If family and community held Michel in the Konin shtetl, other factors pushed him to leave. The tsars considered the Jews a "foreign" menace within their land. To dissolve the threat they offered inducements to Jews who sought assimilation and levied sanctions on those who clung to their beliefs. The Jewish population would be winnowed through departure, conversion, and death so that an empire of one faith, one culture, and one people would emerge. Thus, the tsars restricted Jewish rights and made the practice of Judaism more difficult. They confined Jewish residence to the Pale of Settlement, consisting of the fifteen western provinces of Russia. Jews were denied access to other parts of the empire unless they had special permission. Particularly onerous was an 1827 imperial edict requiring that all Jewish males ages eighteen to twenty-five serve twenty-five years as soldiers of the tsar. Removed from the support of family and community, many would die or be converted to Christianity. Sometimes boys as young as eight or nine were caught in the conscription net.

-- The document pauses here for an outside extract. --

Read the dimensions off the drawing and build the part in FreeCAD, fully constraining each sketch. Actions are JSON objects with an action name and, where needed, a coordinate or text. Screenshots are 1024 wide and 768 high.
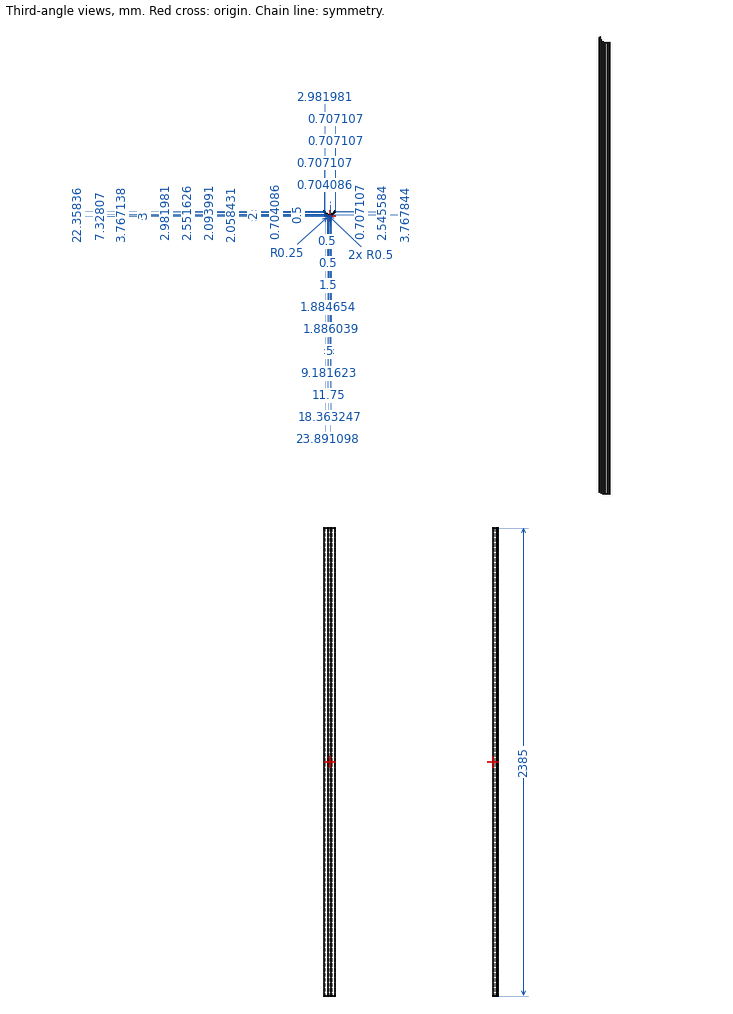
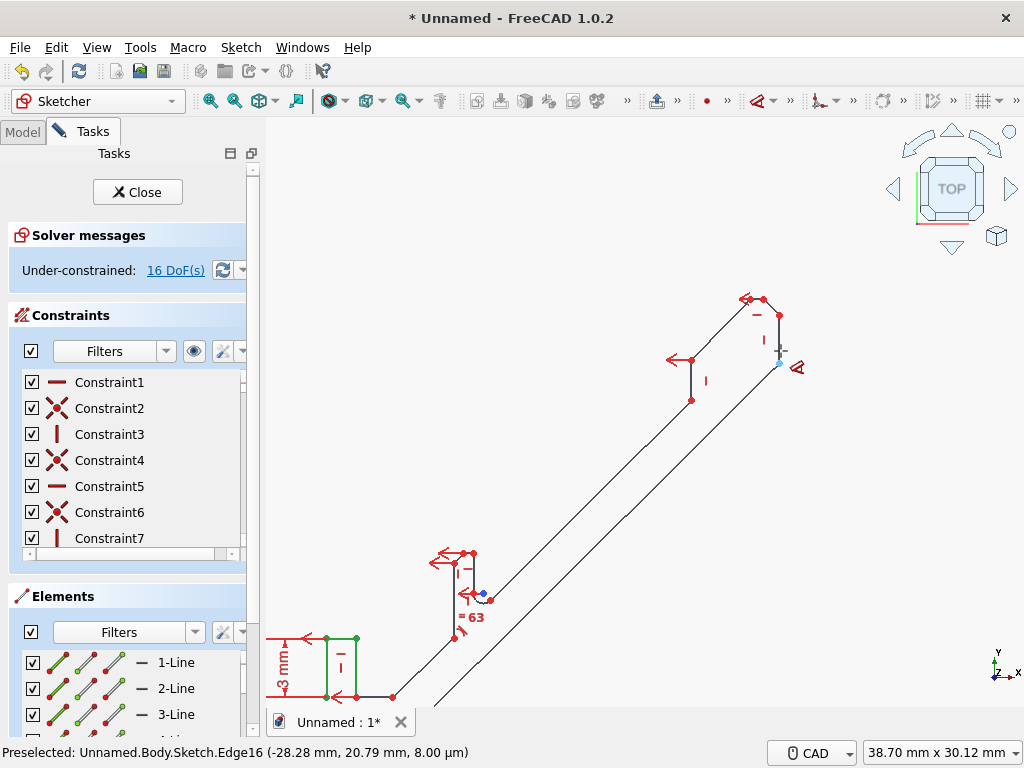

Russia offered Michel a stunted future with no hope that tomorrow would be any different from today or yesterday He left Poland in 1835 at the age of fourteen, journeying across Germany to Paris, where he found work as a tailor. He remained there until the revolution of 1848 forced him to move to London. Michel Goldwasser adjusted quickly to his new home. He anglicized his name to Goldwater, learned English, became a part of the Jewish community, and married, all within two years. Sarah Nathan, his bride, was a twenty-four-year-old Englishwoman, the daughter of a prominent Jewish furrier. Her father's death, when Sarah was sixteen years old, had led to a decline in the family's fortunes, and she went to work as a dressmaker. Although only a "greener" or recent immigrant, Goldwater was an attractive choice for a husband. Six feet tall, fair, and clean-shaven except for a mustache, he was a handsome man. His Parisian manners and tailor's sense of fashion put him in step with sophisticated London. They married in 1850 in the Great Synagogue of London with its chief rabbi presiding, perhaps a reflection of the Nathan family's former standing.

The couple settled, briefly, into domesticity. Two children, Caroline and Morris, were born to the Goldwaters within two years. Michel's tailoring business expanded. But events in the California gold fields beckoned Michel as they had so many others from around the world. Prompted by Joseph Goldwater - his younger brother, recently arrived from Poland - Michel convinced Sarah of the fortune to be made in America, and she agreed to let him go. Wasting little time, the Goldwater brothers chose the cheapest route to California. They bought steerage tickets to New York City. From there they traveled to Grey Town in Nicaragua, crossed the 212-mile-wide isthmus by mule and on foot and then sailed up the coast to San Francisco. They left England in August 1852,and in three months they disembarked in California.

The Goldwater brothers, who had no mining experience, never had any intention of digging for gold. They hoped to make their strike as merchants, filling the needs of the miners. Having arrived years after the 1849 rush, however, they found San Francisco economically inhospitable. They could not match merchants who were now well established and commanded substantial resources. Better to go into the California hinterland, closer to the diggings, and operate a business within their means. For advice and support the brothers turned to fellow Jews. With religion and Yiddish as common bonds, they joined an informal Jewish business network that acted to advance the mutual prospects of its members. Jewish merchants staked the Goldwaters to several hundred dollars and suggested Sonora, a gold camp of four thousand people about one hundred miles east in the Sierra Nevada foothills, as a potential business site.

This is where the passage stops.